By collaborating with us, you can:  

  • Work with AISI experts: Work alongside leading experts in AI safety.  
  • Make a meaningful impact: Your research could be applied to real world model testing and support technical advice for AI policy and international AI governance.  
  • Gain valuable experience: Contribute to the development of safe and beneficial AI systems.
  • Receive additional support: On a case-by-case basis we may be able to provide funding or compute to support the research collaboration.

We have opened a call for researchers and academics to express their interest in collaborating with AISI on priority research areas - focused on our safeguards, safety cases, and science of evaluations workstreams, which includes agents and capability elicitation research.

Those interested in collaborating with us on these priority research areas can fill out the Expression of Interest form. You will be asked to include your CV, a 500-word research statement detailing your project proposal, and list of relevant publications. The call will stay open on a rolling basis.

What we’re looking for

We are looking for new collaborators for research in our safeguards, safety cases, and science of evaluations (including agents and capability elicitation) workstreams.

Our programme aims to study open research problems in technical AI safety. For example, understanding the limitations of certain safeguards, improving the efficacy of a mitigation, or developing novel evaluations beyond our existing work. The results of these projects will be shared in the public domain for others to build upon, either through conference publications jointly with AISI researchers, releasing open-source code, building public datasets, or organising competitions together.

Collaborations can take different shapes, ranging from hands-on joint work to providing expert advice. Initial project definitions will be created via an iterative process, refining ideas jointly with AISI researchers until we converge to a topic of mutual interest. Project lengths are usually 4-6 months.

Workshops & problem books

Workshops

AISI organises workshops which bring together AISI’s technical and policy staff with external researchers – with a goal of bringing together expertise and identifying promising research topics. Workshops help to strengthen the community around technical topics of AI safety. We will publish workshop outcomes in the form of problem books which articulate consensus areas of important research questions on a given topic.

The AISI Research Problem Book on AI & Security

Our first problem book on AI & Security highlights some of the most pressing challenges in generative AI security and provides a roadmap for future research.
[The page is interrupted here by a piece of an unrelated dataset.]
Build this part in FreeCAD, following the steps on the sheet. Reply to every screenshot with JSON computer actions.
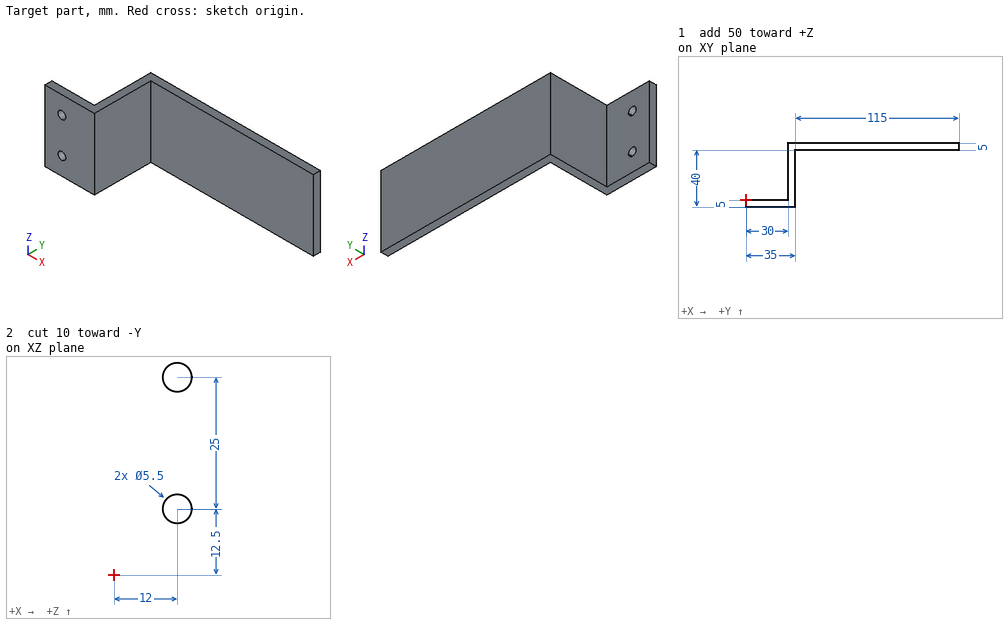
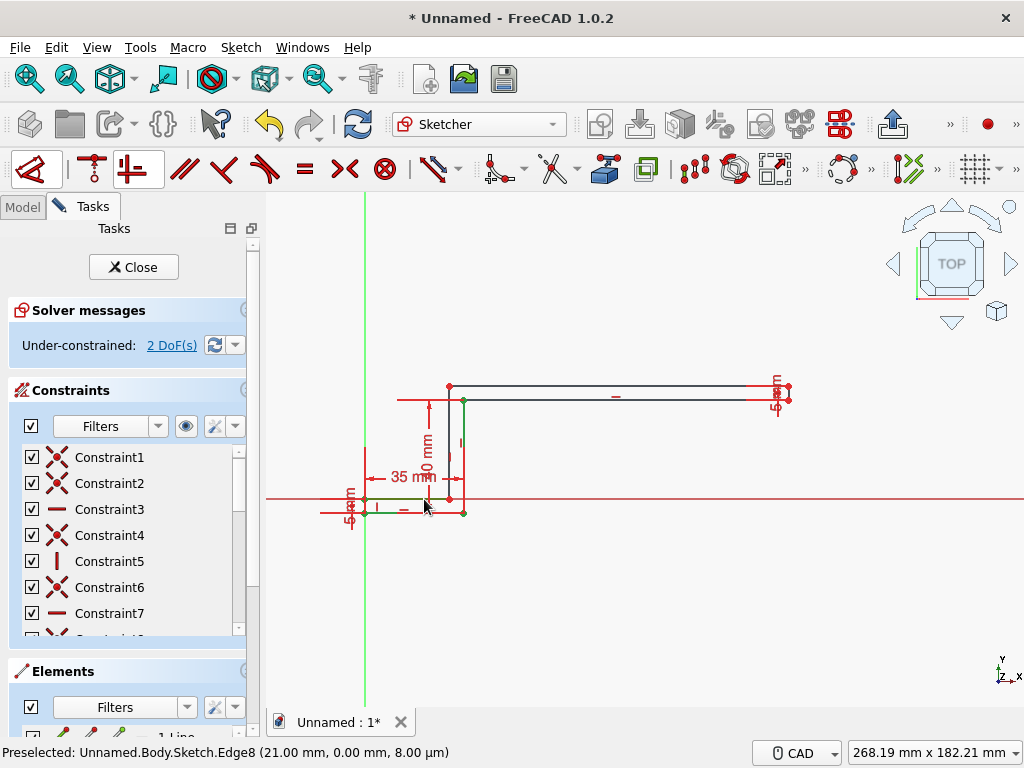
{"action": "key", "text": "l"}

It is the result of AISI’s first series of workshops hosted at DEF CON 32. The workshops, kindly hosted by AI Security Forum ‘24, brought together prominent voices on generative AI security to collaborate on identifying a priority set of open and pressing technical problems.

Participants’ discussions were focused on four key areas:  

  1. Vulnerabilities in the generative AI software stack
  2. Integrating generative AI models into software applications
  3. Malicious use of open access generative AI models
  4. Malicious use of closed access generative AI models

The workshop provided key insights for cutting edge research problems which informed the problem book shared above. The goal of the problem book is to guide generative AI security research toward the most pressing issues. We invite researchers in academia, non-profits, and industry to use this problem book as a starting point for informing future research work. The research problems identified in the problem book have also informed our list of AISI priority research areas for collaborations.